What is being asked:
From the material below, copy out each line with the word "Step" in it.

Supplied entries:
"""
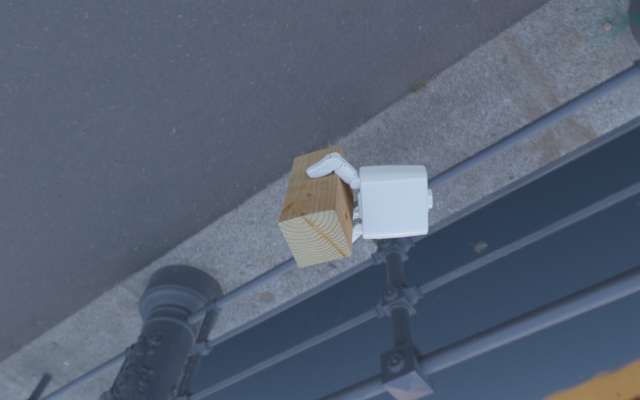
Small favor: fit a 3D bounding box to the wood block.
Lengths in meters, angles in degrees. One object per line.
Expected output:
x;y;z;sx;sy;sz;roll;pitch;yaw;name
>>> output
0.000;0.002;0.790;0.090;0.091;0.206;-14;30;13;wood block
"""
"""
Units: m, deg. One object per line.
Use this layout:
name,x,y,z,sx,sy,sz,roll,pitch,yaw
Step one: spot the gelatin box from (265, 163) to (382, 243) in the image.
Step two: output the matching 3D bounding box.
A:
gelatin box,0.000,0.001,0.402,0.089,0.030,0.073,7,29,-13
"""
"""
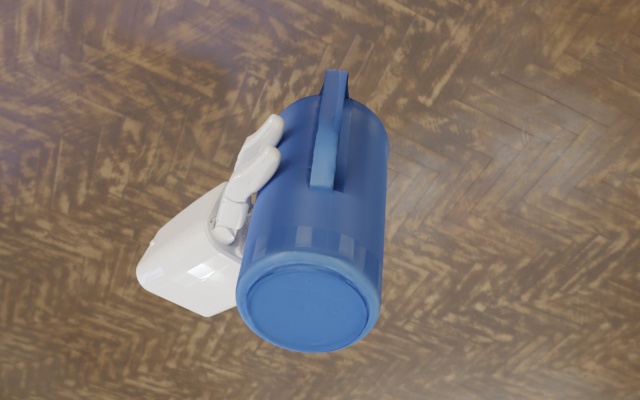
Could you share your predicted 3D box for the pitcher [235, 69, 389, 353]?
"""
Answer to the problem:
Step one: spot the gelatin box from (265, 163) to (382, 243) in the image.
Step two: output the matching 3D bounding box.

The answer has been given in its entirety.